Researchers from the Laboratory for Tribology and Interface Nanotechnology (TINT) have developed a new nanocoating strategy that significantly improves the durability of high-performance polymer components. The study, published in Tribology International (IF 6.9), demonstrates how advanced solid-lubricant coatings can dramatically reduce friction and wear in polyether ether ketone (PEEK), a widely used engineering polymer.
PEEK is increasingly used in demanding engineering applications such as automotive systems, aerospace components, and biomedical devices because of its excellent strength-to-weight ratio, chemical stability, and thermal resistance. However, when used in moving mechanical systems, the material often suffers from relatively high friction and limited wear resistance, which restricts its use in high-load sliding applications.
To address this challenge, the research team applied carbon-alloyed tungsten disulfide (WSC) nanocoatings onto PEEK surfaces using a magnetron sputtering process. The coatings were carefully engineered with optimized architectures, including adhesion-enhancing interlayers, allowing the coating to remain stable during sliding contact. This surface-engineering approach created a durable low-friction interface on the polymer surface.

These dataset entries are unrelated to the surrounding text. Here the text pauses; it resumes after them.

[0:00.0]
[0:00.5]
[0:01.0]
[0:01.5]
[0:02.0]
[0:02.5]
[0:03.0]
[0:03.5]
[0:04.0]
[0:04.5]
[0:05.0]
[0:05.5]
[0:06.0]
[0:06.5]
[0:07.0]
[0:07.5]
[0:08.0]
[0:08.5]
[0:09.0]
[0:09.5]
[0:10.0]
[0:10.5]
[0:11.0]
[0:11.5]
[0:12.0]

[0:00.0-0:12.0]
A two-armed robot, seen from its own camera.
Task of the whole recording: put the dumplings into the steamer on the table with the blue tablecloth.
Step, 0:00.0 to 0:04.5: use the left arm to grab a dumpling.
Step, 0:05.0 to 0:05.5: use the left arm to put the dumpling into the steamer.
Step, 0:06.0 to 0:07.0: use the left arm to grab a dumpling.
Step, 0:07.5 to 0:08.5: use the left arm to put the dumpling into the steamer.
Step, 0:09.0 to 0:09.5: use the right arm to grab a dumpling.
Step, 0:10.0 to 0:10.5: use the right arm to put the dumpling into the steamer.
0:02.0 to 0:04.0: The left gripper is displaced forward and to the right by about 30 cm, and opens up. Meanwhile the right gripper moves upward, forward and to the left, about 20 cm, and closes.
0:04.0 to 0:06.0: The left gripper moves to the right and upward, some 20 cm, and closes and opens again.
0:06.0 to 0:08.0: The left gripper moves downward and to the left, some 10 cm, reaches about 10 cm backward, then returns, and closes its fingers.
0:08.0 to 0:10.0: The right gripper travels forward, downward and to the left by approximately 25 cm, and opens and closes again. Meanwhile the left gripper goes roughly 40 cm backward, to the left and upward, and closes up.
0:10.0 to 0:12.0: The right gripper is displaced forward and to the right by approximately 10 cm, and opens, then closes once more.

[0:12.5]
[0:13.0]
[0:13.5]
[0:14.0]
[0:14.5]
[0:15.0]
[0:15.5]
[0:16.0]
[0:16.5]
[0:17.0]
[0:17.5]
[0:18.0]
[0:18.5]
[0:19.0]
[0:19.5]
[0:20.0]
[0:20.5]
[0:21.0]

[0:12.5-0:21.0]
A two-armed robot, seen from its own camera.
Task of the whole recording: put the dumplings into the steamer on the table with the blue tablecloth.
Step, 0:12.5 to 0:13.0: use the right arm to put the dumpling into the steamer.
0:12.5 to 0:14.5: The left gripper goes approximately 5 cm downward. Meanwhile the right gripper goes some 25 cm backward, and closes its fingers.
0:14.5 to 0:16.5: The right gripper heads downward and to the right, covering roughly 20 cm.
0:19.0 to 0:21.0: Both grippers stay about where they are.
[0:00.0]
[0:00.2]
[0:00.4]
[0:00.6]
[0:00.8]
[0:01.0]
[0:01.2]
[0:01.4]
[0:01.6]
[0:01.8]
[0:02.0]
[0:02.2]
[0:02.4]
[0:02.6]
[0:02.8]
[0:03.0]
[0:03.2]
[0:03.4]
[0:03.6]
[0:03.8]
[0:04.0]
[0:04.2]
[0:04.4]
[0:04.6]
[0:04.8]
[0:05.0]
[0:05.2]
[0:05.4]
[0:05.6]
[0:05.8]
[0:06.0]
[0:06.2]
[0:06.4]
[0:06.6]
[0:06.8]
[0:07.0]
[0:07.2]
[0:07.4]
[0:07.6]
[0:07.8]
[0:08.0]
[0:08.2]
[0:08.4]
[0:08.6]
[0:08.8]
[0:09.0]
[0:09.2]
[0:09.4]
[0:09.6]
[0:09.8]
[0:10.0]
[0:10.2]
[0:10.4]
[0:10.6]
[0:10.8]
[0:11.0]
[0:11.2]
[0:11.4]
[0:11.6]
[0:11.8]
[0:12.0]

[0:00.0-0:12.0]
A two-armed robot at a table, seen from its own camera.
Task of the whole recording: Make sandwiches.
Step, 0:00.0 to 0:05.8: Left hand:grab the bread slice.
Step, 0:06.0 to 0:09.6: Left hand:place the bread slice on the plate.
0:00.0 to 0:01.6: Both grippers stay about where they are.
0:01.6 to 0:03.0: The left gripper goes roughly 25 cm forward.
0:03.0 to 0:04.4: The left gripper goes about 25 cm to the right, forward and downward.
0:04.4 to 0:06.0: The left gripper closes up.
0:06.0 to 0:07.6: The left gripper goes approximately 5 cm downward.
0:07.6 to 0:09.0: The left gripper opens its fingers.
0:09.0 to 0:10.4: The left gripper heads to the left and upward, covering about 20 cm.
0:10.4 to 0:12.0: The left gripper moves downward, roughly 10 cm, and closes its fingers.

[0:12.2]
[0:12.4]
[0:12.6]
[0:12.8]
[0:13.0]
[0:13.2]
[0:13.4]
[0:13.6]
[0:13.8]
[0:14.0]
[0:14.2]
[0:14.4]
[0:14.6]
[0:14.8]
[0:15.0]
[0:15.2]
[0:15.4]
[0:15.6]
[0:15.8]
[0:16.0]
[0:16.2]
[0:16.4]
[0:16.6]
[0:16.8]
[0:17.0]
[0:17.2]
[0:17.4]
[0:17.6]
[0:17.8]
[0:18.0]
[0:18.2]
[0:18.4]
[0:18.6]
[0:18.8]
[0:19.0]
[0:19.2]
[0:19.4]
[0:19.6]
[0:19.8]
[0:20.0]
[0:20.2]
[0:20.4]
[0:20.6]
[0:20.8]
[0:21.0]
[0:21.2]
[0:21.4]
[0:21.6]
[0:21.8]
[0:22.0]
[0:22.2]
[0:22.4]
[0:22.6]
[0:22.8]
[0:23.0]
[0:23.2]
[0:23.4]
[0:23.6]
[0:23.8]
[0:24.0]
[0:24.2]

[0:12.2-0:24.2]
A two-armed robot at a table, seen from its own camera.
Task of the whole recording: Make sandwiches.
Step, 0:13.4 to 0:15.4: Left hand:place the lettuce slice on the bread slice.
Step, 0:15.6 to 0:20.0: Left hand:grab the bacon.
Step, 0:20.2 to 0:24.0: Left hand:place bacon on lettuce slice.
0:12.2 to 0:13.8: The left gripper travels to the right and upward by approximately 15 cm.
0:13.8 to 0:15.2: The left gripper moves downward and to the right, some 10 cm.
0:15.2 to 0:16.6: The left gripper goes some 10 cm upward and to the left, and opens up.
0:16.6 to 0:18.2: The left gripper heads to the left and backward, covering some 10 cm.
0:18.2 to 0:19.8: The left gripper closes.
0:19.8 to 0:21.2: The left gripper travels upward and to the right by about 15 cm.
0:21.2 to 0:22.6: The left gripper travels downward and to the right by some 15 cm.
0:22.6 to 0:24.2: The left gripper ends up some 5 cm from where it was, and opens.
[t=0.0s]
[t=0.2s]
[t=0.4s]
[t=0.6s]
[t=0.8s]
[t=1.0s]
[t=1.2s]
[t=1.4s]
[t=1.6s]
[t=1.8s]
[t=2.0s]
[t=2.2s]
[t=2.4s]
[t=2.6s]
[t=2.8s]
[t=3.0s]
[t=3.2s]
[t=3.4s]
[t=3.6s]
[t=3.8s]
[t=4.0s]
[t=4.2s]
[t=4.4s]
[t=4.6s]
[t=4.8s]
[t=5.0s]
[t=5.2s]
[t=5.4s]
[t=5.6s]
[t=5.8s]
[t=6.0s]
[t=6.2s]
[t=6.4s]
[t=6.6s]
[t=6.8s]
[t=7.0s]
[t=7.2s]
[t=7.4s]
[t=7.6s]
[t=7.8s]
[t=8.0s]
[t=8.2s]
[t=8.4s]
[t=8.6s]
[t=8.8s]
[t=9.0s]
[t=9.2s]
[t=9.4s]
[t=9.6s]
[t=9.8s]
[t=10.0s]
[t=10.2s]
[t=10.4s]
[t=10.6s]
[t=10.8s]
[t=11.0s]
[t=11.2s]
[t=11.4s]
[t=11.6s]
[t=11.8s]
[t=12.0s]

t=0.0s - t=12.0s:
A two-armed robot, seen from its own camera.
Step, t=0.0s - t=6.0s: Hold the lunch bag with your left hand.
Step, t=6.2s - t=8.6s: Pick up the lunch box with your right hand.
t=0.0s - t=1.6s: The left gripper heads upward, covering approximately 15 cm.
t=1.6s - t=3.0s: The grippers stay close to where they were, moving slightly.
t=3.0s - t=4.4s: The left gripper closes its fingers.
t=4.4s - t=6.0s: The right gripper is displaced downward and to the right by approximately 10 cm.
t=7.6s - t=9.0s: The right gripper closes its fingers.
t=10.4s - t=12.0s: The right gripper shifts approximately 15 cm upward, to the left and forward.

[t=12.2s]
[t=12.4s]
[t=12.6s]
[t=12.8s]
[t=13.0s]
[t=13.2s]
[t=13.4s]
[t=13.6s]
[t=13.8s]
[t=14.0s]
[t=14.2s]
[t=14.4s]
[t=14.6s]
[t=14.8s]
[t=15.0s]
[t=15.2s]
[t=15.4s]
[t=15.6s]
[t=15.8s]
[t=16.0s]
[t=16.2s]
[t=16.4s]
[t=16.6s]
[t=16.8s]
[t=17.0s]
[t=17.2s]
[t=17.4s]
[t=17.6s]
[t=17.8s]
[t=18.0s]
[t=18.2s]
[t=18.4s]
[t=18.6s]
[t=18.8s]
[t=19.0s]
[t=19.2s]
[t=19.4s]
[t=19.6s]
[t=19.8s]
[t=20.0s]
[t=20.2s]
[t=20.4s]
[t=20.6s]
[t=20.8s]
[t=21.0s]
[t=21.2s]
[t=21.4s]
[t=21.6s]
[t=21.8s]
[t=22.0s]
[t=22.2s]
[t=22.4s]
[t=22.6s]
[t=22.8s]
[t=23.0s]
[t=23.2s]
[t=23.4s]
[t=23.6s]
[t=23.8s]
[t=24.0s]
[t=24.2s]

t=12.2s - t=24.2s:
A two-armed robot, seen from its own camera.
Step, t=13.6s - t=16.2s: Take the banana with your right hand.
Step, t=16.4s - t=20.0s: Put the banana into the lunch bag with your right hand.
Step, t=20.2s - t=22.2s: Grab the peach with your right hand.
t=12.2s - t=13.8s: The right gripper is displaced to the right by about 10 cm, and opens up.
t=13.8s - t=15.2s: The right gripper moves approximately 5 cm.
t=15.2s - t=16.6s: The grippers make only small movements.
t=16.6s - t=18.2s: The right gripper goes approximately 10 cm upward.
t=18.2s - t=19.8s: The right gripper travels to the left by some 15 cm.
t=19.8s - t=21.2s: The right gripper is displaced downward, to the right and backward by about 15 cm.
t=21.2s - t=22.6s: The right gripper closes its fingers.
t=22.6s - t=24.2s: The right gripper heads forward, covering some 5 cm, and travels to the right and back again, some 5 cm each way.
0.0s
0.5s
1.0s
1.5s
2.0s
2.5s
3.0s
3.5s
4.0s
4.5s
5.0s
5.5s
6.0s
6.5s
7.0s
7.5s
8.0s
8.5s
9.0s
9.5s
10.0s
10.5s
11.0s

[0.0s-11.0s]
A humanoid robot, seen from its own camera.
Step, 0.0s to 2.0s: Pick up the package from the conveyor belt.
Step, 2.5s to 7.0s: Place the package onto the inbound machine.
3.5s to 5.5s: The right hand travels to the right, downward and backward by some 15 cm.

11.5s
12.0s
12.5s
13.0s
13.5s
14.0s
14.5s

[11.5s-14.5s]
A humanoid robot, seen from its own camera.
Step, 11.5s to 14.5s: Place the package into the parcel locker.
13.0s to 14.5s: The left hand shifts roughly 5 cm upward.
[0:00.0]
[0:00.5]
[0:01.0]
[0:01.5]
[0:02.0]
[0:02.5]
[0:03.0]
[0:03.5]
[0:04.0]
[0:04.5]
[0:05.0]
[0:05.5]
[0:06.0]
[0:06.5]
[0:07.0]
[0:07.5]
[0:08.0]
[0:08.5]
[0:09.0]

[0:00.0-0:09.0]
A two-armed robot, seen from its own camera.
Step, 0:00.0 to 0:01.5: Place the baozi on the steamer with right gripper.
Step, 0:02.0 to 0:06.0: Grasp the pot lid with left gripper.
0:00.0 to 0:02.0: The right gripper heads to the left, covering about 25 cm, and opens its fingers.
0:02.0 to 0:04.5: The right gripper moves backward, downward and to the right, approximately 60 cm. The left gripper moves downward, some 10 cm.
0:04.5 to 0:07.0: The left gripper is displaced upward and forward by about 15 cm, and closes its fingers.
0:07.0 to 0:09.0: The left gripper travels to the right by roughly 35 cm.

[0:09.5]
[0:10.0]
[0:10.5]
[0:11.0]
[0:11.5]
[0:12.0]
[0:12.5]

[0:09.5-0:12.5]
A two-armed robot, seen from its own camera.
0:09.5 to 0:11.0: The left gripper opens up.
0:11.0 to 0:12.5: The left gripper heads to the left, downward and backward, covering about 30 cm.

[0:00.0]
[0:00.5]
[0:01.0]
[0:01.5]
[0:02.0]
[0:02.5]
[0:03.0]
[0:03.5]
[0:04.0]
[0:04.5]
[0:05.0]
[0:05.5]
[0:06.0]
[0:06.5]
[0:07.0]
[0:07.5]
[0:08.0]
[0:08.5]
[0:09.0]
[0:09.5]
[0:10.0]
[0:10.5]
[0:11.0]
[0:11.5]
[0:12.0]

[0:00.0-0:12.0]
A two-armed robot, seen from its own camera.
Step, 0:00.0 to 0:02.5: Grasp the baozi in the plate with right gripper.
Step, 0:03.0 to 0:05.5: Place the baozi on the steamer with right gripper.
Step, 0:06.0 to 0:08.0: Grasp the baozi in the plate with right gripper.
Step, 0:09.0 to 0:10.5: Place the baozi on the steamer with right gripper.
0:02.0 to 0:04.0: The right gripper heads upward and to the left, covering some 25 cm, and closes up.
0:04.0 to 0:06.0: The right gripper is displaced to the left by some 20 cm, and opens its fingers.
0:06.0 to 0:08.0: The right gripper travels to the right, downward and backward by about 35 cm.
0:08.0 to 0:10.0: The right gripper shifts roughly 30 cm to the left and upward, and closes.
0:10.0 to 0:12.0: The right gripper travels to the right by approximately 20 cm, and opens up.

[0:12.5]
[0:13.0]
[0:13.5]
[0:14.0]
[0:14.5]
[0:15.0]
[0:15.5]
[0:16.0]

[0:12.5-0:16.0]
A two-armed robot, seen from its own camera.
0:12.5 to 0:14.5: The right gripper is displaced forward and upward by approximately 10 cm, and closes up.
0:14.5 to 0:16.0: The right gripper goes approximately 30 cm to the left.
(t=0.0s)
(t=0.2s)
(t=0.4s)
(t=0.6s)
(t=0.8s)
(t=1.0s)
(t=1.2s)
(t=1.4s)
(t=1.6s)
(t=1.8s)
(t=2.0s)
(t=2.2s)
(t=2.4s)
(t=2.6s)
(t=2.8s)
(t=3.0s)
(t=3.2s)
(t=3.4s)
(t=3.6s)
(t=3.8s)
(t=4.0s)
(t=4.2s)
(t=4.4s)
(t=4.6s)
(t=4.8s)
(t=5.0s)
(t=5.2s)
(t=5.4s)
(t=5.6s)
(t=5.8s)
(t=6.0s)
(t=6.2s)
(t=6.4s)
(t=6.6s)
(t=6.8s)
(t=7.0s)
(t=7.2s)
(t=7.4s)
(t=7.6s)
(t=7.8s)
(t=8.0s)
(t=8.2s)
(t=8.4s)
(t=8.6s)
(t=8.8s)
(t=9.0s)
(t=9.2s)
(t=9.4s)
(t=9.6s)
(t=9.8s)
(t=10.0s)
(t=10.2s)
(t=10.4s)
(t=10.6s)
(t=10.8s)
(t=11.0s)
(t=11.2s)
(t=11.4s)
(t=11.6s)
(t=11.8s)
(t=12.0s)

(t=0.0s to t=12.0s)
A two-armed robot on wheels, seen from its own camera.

Tribological testing revealed substantial performance improvements. The coated polymer surfaces showed up to 34% lower friction and more than 98% reduction in wear compared with uncoated PEEK. The enhanced performance was linked to the formation of a stable carbon-rich tribolayer during sliding, which protects the polymer surface and promotes smooth motion between contacting parts.
“Advanced nanostructured coatings can fundamentally change how lightweight polymers behave in mechanical systems,” said Dr. Talha Bin Yaqub, lead author of the study. Professor Mitjan Kalin, who led the research, noted that such surface-engineering strategies could enable polymers like PEEK to replace heavier metal components in future machines.
The findings highlight a scalable pathway for integrating solid-lubricant nanocoatings with polymer components. This could benefit a wide range of applications, including polymer gears, bearings, and sliding elements in energy-efficient transportation and industrial machinery.
Figure: Overview of the experimental approach used to enhance the durability and tribological performance of PEEK polymer using carbon-alloyed tungsten disulfide (WSC) coatings. (a) Schematic illustration of the magnetron sputtering deposition system showing the arrangement of WS₂, carbon, and chromium targets around the rotating specimen holder used for coating synthesis and the conceptual representation of the DC magnetron sputtering process, where Ar⁺ ions generated in the plasma bombard the target, ejecting atoms that subsequently deposit on the substrate to form the WSC coating.
(b) Reciprocating sliding test configuration and coating architectures investigated in this study, comparing uncoated PEEK, WSC-coated PEEK without interlayer (PEEK/WSC), and WSC-coated PEEK with Cr interlayer and gradient layer (PEEK/Cr/WSC).
(c-d) Summary of tribological performance efficiency and durability, showing the reduction in friction coefficient and specific wear rate achieved with the optimized coating architecture, demonstrating improved durability of the coated polymer surface.